I’m probably the last person on earth to discover this – but just today, I used the Mercurial bisect command, and thought I’d write up my experiences in case anyone else hasn’t played with it before. I’d read about hg bisect in the hgbook, but never had an opportunity to use it in anger.

Here’s the problem I was seeing – in builds of xVM Server that I’ve been doing, we were producing ISO images, but after installation, the pkg command wasn’t working properly. Exploring the image a bit, with some help from the pkg python stack trace, I found the problem was that some items in /var/pkg were symlinks pointing to a non-existent mountpoint on the installed image.

Looking at the build logs from distro constructor, cpio was complaining that there was no space left on the device it was writing to. Digging around a bit more and running another build just to make sure, I found the source of the problem – we were df‘ing the source directory for the cpio, then doing a mkfile of that size, creating a lofi device that big, then creating a UFS filesystem on that device. There was the problem – the space overhead incurred by the filesystem meant that we were trying to pour a gallon into a pint pot.

So – I knew what the problem was, pulling the tip changeset from the distro constructor even showed me that the problem was already fixed (my favourite kind of bug!) – the fix being to make the file which backs the lofi device just a bit bigger. My question was, what changeset introduced this fix? Enter hg bisect.

With it, you just need to identify where you know the code is bad, and where you know the code is good, and a test to determine whether the change is present. In my case, the test was really short:

grep "Add 1%" build_dist.lib

– but you could conceivably have the test build an entire OS image, install it, and check for the change. The bisect command then does a chop through all of the changesets, narrowing down to where the change was introduced.

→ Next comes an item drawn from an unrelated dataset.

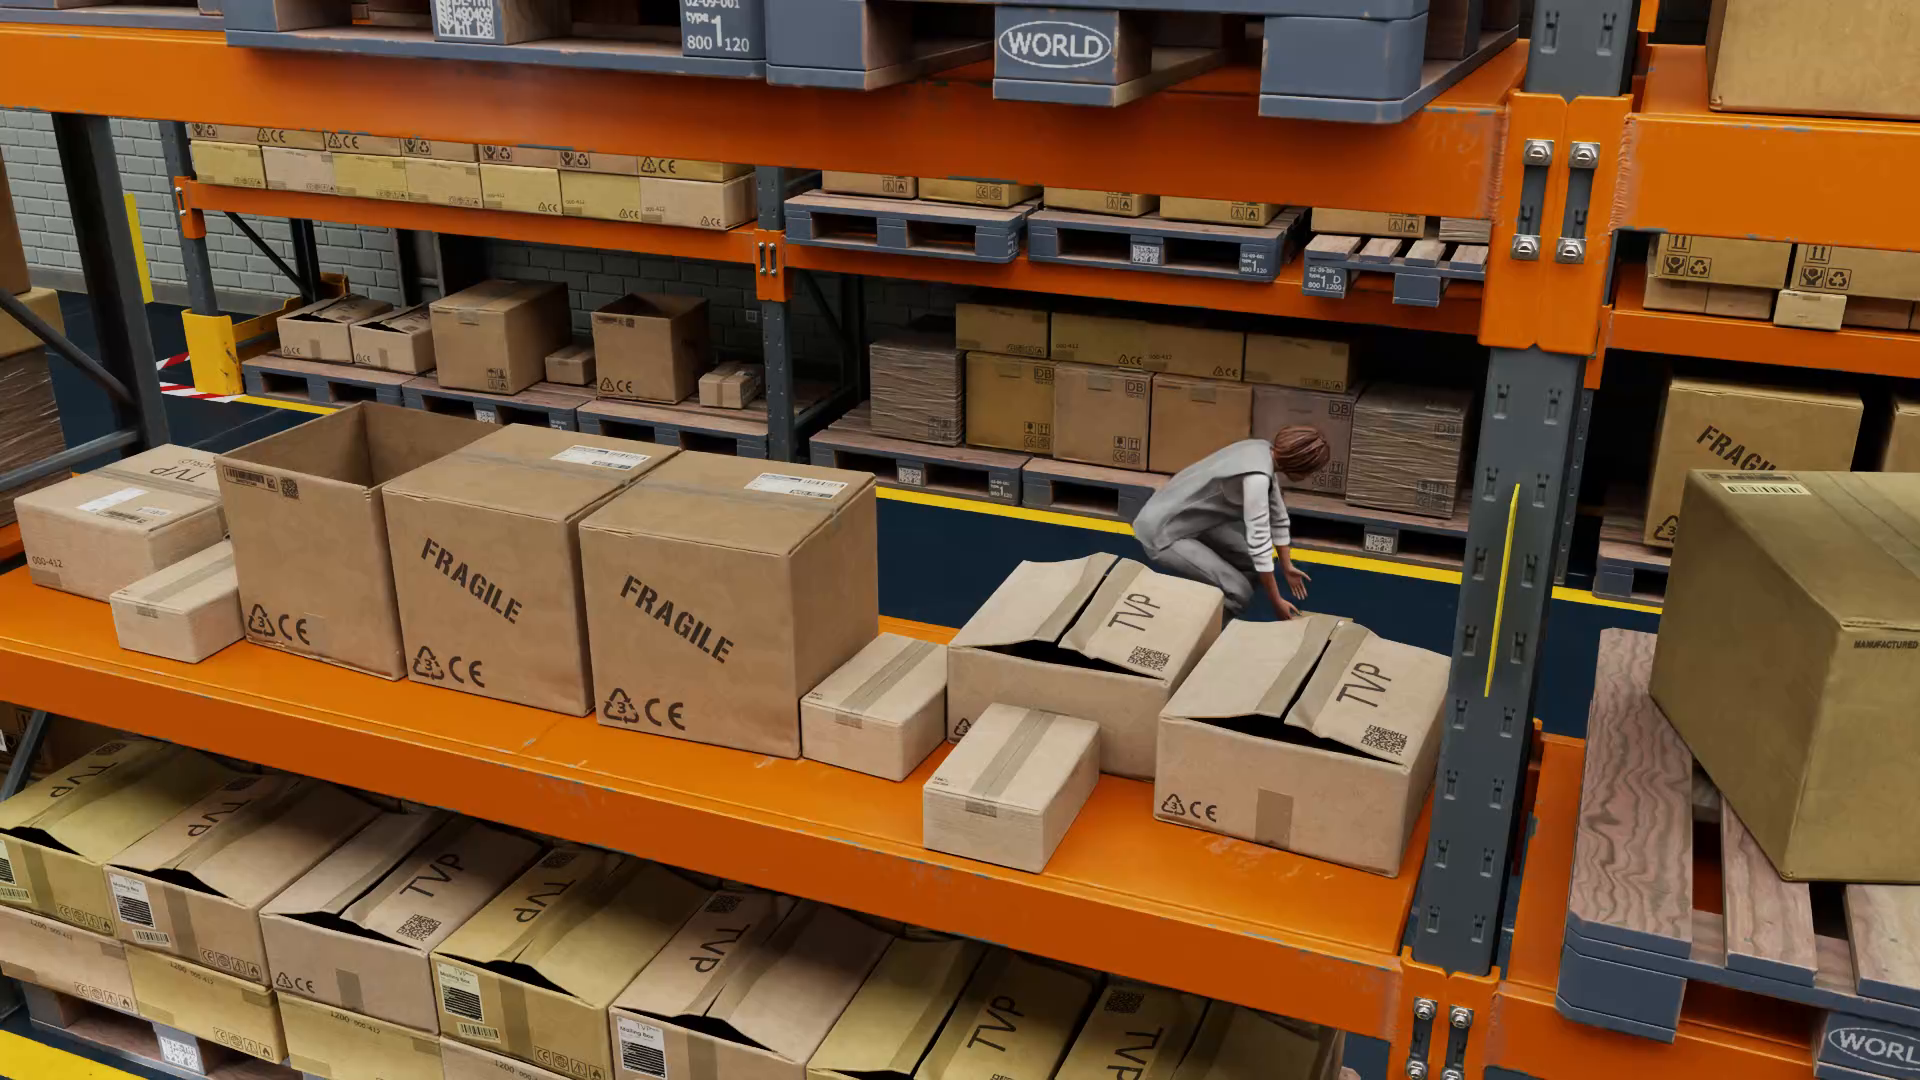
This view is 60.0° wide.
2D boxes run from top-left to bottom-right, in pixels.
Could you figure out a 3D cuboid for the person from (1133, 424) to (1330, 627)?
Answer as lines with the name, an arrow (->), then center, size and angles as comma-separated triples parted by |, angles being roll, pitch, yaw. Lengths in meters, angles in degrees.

In my case, a source tree of 105 changesets resulted in my only having to perform 6 tests to determine where the change occurred. A grep across 105 files would have completed in no time, but had I actually needed to build an OS image for each test, 105 builds would have taken a very long time indeed.

Here’s some edited highlights:

timf@haiiro[435] hg bisect -g tip
timf@haiiro[436] hg bisect -b 0
Testing changeset 52:42e67ad1e103 (105 changesets remaining, ~6 tests)
125 files updated, 0 files merged, 5 files removed, 0 files unresolved
timf@haiiro[438] grep "Add 1%" build_dist.lib
timf@haiiro[439] hg bisect -b
Testing changeset 78:76e8ef490770 (53 changesets remaining, ~5 tests)
119 files updated, 0 files merged, 95 files removed, 0 files unresolved
timf@haiiro[447] hg bisect -b
Testing changeset 103:b8d33c12a531 (4 changesets remaining, ~2 tests)
2 files updated, 0 files merged, 0 files removed, 0 files unresolved
timf@haiiro[448] grep "Add 1%" build_dist.lib
# Calculate the size of the pkg data directory.  Add 1% of the
timf@haiiro[449] hg bisect -g
Testing changeset 102:ef08a25b1d1c (2 changesets remaining, ~1 tests)
1 files updated, 0 files merged, 0 files removed, 0 files unresolved
timf@haiiro[450] grep "Add 1%" build_dist.lib
# Calculate the size of the pkg data directory.  Add 1% of the
timf@haiiro[451] hg bisect -g
The first good revision is:
changeset:   102:ef08a25b1d1c
user:        Karen Tung 
date:        Wed Aug 06 20:22:36 2008 -0700
summary:     2810 pkg archive size not big enough sometimes

So – I need to update our copy of distro_constructor to be based on changeset ef08a25b1d1c, which gets me the fix for 2810. Yahoo!